Two years ago, on one of my frequent trips to Israel, I spent a day traveling with a group of American Jews to Bethlehem, for the purpose of listening to Palestinians and learning about their work in community-building and conflict resolution. The trip was sponsored by Encounter, a remarkable program whose purpose it is to bring diverse groups of Jews to the West Bank to meet with Palestinians and learn about the daily reality of their lives.

In the emotional processing session after we returned to Jerusalem, one person after another (including those, like me, who had taken many such trips to the West Bank) wrestled with how utterly different the reality is on the other side of the Green Line. Life circumstances are radically different, as are perspectives on the conflict, its history, and its possible resolution. My friend Susan Cobin astutely remarked that the experience highlighted for her the necessity of knowing and attending to two very different realities, two different narratives, and two radically different analyses of the conflict, and holding them in mind at one time. She said it was like watching two different movies on "split screens," simultaneously. This is extremely difficult to do, and it is absolutely essential if peace is to come.

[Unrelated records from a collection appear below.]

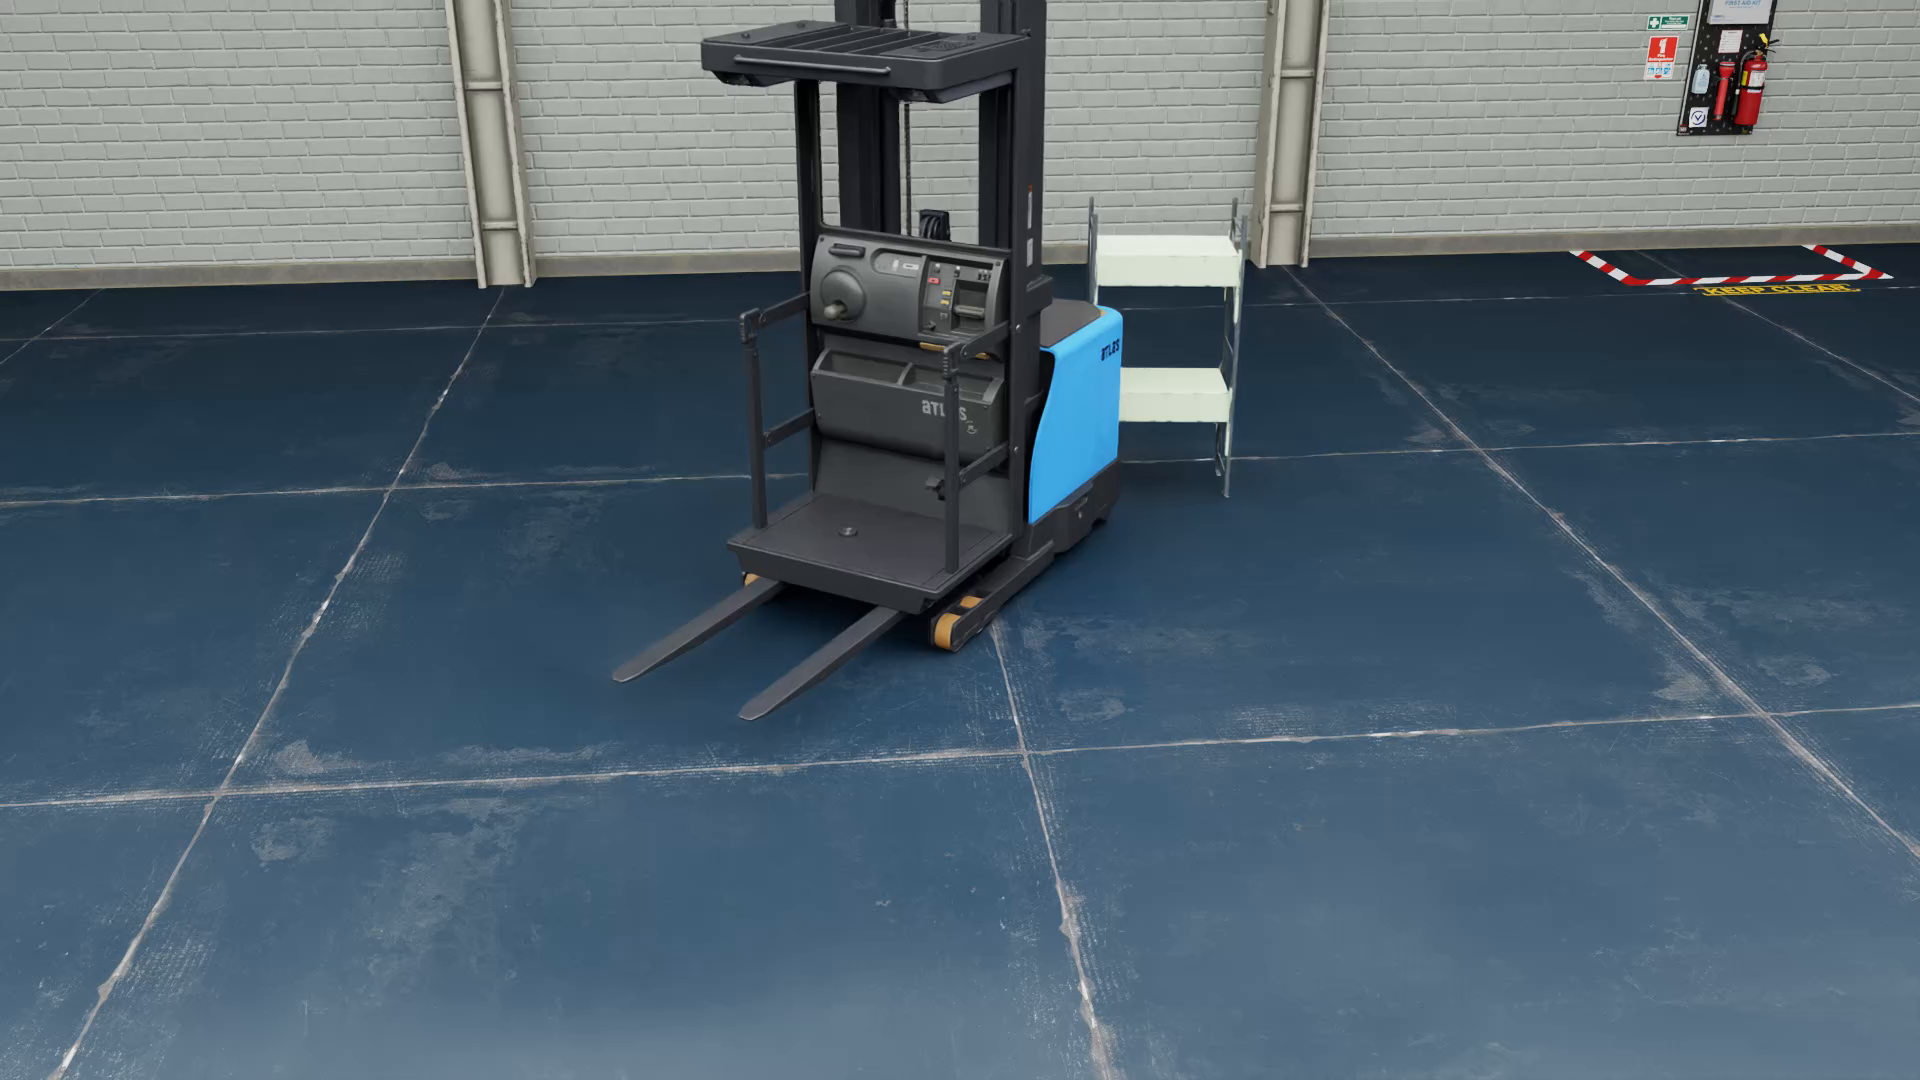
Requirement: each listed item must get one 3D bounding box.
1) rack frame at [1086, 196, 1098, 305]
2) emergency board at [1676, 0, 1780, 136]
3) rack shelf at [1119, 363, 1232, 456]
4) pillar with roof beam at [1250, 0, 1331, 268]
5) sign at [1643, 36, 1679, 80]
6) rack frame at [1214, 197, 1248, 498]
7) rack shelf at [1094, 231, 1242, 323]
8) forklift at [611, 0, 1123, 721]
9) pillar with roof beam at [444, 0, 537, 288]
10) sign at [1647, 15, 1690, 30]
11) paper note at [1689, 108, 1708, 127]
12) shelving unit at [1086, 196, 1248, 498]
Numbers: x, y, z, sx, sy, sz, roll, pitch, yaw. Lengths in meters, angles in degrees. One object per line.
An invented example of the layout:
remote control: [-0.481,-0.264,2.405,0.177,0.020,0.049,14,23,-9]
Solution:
rack frame: [0.670,-0.992,8.636,0.023,1.500,0.400,0,24,1]
emergency board: [6.037,-3.731,12.952,0.643,1.169,0.194,-2,24,-5]
rack shelf: [1.036,-0.692,8.763,0.720,0.370,0.431,0,24,1]
pillar with roof beam: [2.952,-4.576,7.467,0.400,9.000,9.100,-2,24,-5]
sign: [5.476,-3.767,12.988,0.234,0.329,0.001,-2,24,-5]
rack frame: [1.402,-0.987,8.624,0.023,1.500,0.400,0,24,1]
rack shelf: [1.036,-1.346,8.472,0.720,0.370,0.431,0,24,1]
forklift: [-0.339,-1.068,7.044,1.130,2.935,3.031,13,27,26]
pillar with roof beam: [-3.019,-4.337,6.928,0.400,9.000,9.100,-2,24,-5]
sign: [5.482,-4.006,12.873,0.331,0.109,0.001,-2,24,-5]
paper note: [5.854,-3.350,13.177,0.142,0.148,0.016,-2,24,-5]
shelving unit: [1.036,-0.990,8.630,0.755,1.500,0.431,0,24,1]
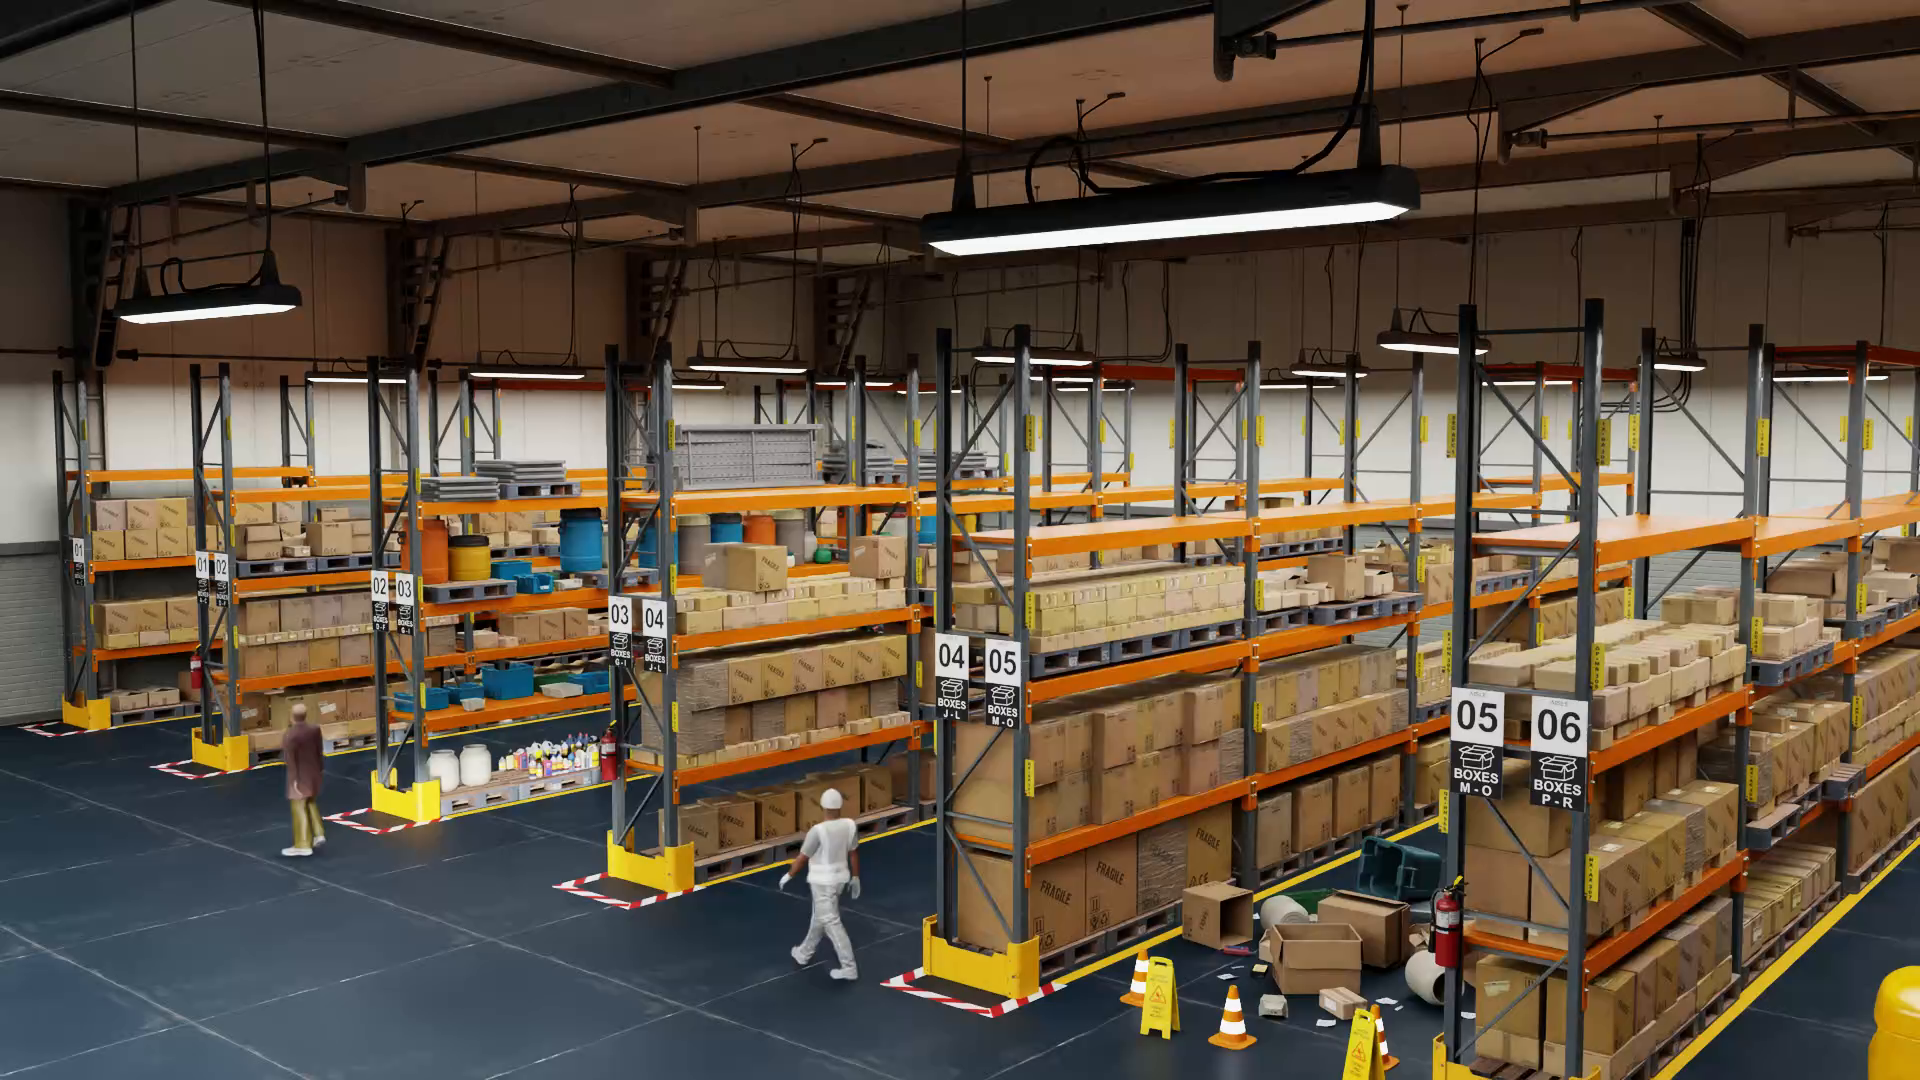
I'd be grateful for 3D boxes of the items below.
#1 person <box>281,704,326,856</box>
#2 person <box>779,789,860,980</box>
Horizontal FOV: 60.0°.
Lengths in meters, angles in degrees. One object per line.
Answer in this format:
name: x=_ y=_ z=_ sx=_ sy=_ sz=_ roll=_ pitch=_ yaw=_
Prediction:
person: x=-7.815 y=2.833 z=19.818 sx=0.445 sy=1.794 sz=0.673 roll=2 pitch=4 yaw=21
person: x=-1.295 y=3.169 z=15.503 sx=1.003 sy=1.735 sz=0.587 roll=3 pitch=5 yaw=36

Today I experienced the failure of a renowned Palestinian diplomat to see both screens before her eyes. I had looked forward to hearing Dr. Hanan Ashrawi, a woman who has served as a Palestinian spokesperson, legislator, and negotiator, intimately involved in peace negotiations with Israelis for decades. I found her brilliant, eloquent, and erudite. But, at least in her talk today at the Westminster Town Hall Forum, she exhibited no ability whatever to see both "screens" in her mind. She spoke out of the Palestinian narrative, as well she should, but without even the slightest acknowledgement that Israelis see the matter differently.

Let me be clear. I find it deeply objectionable when anyone – Israeli or Palestinian, Jew, Christian or Muslim, speaks of the Israeli-Palestinian conflict without demonstrating at least a desire to comprehend that the two peoples have different realities, different stories, profoundly different ways of understanding the region in which they live. In my view, this failure of empathy, while understandable after decades of war, sorrow and hate, is the core obstacle to peace. I have become more and more convinced that every leader – and all responsible citizens - must cultivate this quality, and must never speak of one reality without at least attempting to acknowledge a different and legitimate truth on the "other side."

I am very sad to say that I found Dr. Ashrawi's presentation deeply disappointing in this sense. There is surely more work to do.